Dead Consumer Cleanup

  • Automatic: cleanup_dead_consumers() — 30s idle threshold → XCLAIM + XACK (discards, no reprocess) + DELCONSUMER
  • Manual: cleanup_stuck_stream_workers() endpoint — 5 min idle threshold, same pattern
  • Zombie RQ jobs: check_job_alive() called each iteration of long-running jobs; exits if job missing from Redis

Edge Cases

  • No meaningful speech: transcribe_full_audio_job marks conversation deleted=True, end_reason="no_meaningful_speech" (word count < 10, duration < 5s)
  • Audio file not ready: 30s timeout → conversation marked deleted with end_reason="audio_file_not_ready"
  • Stream trimming: MAXLEN 25,000 on audio streams; results streams deleted after conversation ends
  • Session timeout: 24h max → graceful exit, cleanup

Job Timeouts

Job Queue Timeout
speech_detection_job transcription_queue 24 hours
audio_persistence_job audio_queue 24 hours
recognize_speakers_job default_queue 20 min
memory_extraction_job memory_queue 15 min
generate_title_summary_job default_queue 5 min

On timeout, RQ kills the job. Dependent deferred jobs stay deferred forever.

BackgroundTaskManager

File: task_manager.py — tracks all async tasks in the FastAPI process.
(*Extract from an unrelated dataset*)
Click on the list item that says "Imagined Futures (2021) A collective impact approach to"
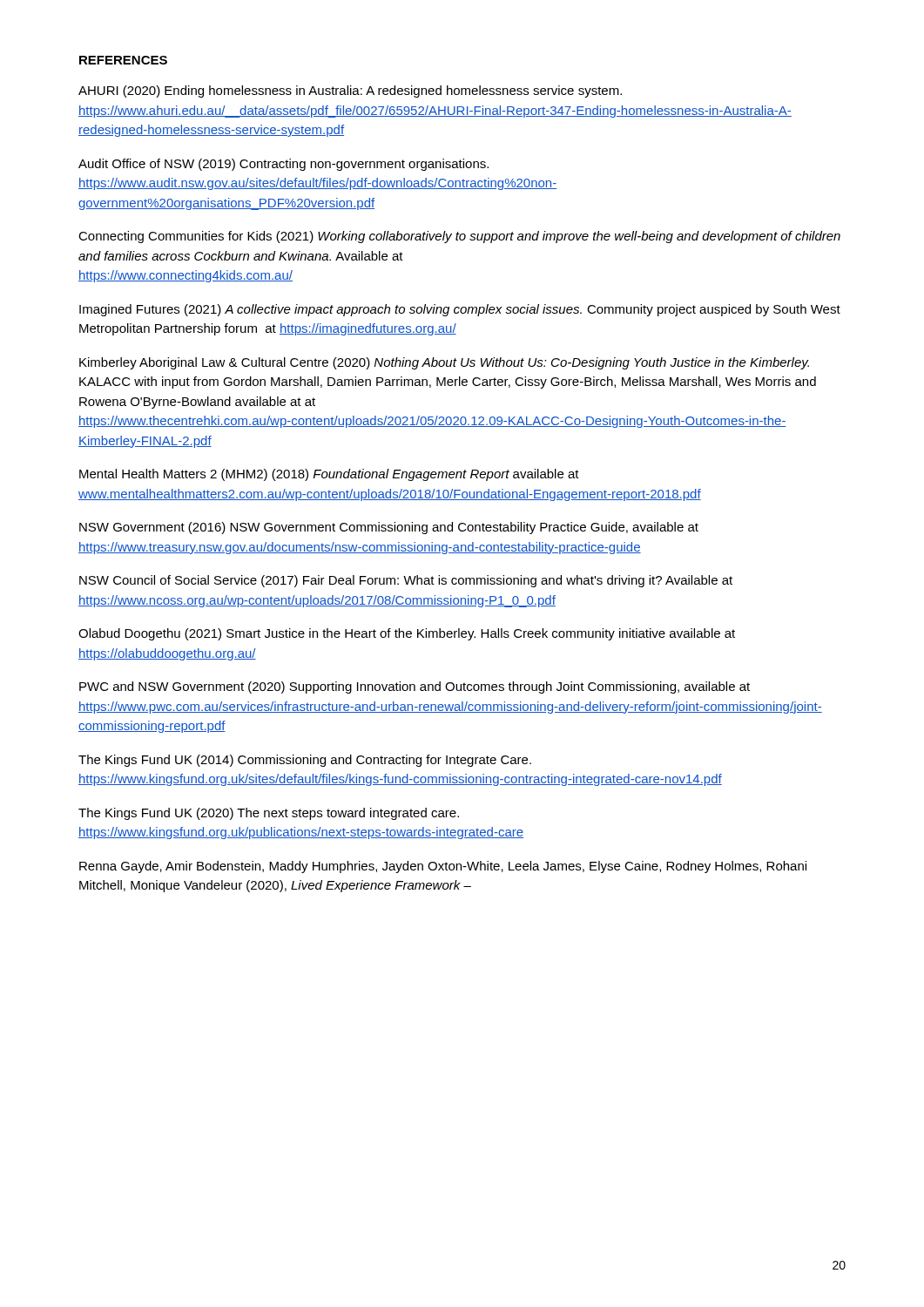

  • track_task() / _task_done(): Register, detect completion/error, cap completed at 1,000
  • _periodic_cleanup(): Every 30s, cancels tasks exceeding timeout
  • shutdown(): Cancels all, waits 30s
  • cancel_tasks_for_client(): On disconnect, cancels non-processing tasks (preserves transcription_chunk, memory, cropping)

What the Pipeline Does NOT Do

  • No retry logic: Failures log-and-continue or raise/return-failure. No backoff, no dead letter queues.
  • No circuit breakers: External service outages cause immediate failures.
  • No cascade job cancellation: Failed/timed-out RQ jobs leave dependents deferred forever.
  • No automatic session recovery: Failed speech detection → session dead until reconnect.